Following the publication of the Electricity Market Reform White Paper on 12 July, the issue of subsidies to nuclear power resurfaced in the House of Commons as Chris Huhne addressed the Commons.

Labour MP Paul Flynn asked, “Can the Minister really say that he is going ahead without subsidy? He seemed to be saying today, “We’re going to have subsidies for all nuclear and new nuclear, but call them something else.”

Mr Huhne responded by saying “No, the hon. Gentleman is wrong on that.

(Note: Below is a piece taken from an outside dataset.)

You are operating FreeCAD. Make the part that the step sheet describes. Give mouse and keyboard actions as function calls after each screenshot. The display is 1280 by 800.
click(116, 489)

We are setting out a framework to discourage high-carbon activities and encourage low-carbon activities.”

The proposed floor on the price of carbon is what has led to charges that the Government are breaking the coalition agreement pledge prohibiting public subsidies of nuclear energy.

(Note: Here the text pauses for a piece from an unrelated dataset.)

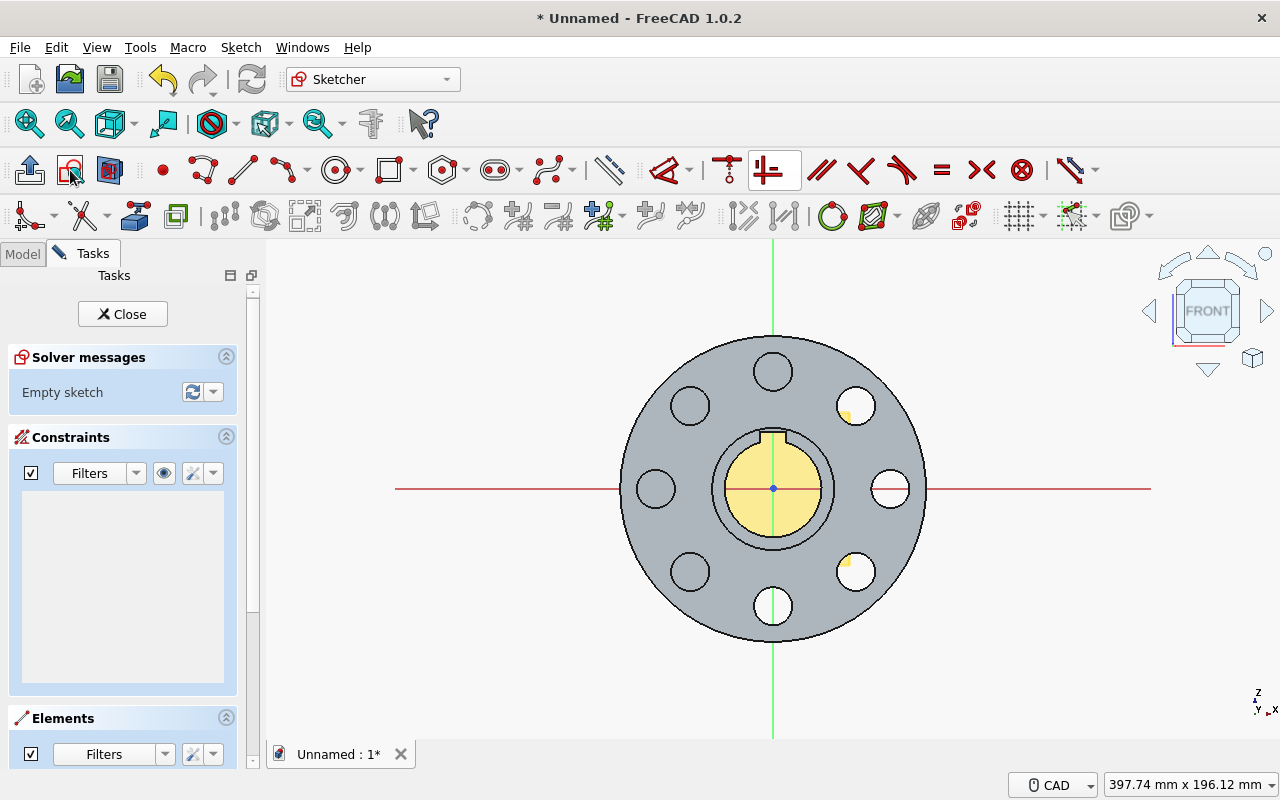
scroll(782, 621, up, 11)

The carbon price floor will essentially make carbon-intensive energy more expensive for consumers, thus making low carbon energy – including nuclear energy – more competitive.

Mr Huhne has said he does not consider the price floor a subsidy. This is an issue of semantics – what is, and what isn’t a subsidy?

The Oxford Dictionaries Online definition of a subsidy is “a sum of money granted by the state or a public body to help an industry or business keep the price of a commodity or service low.” Since it is not a direct payment to low-carbon energy providers but rather a penalty imposed on carbon-intensive energy providers, it does not fit that definition.

But, according to Encyclopædia Britannica, price floors are considered “indirect” subsidies, which arise when governments, among other actions, “maintain higher prices through manipulation of markets”. Other forms of indirect subsidy include price ceilings, tariffs, and tax concessions.  

It is important to reiterate that the price floor doesn’t only benefit nuclear energy, but all low-carbon energy providers. Nuclear energy will benefit more than other low-carbon sources, though, because it produces more electricity.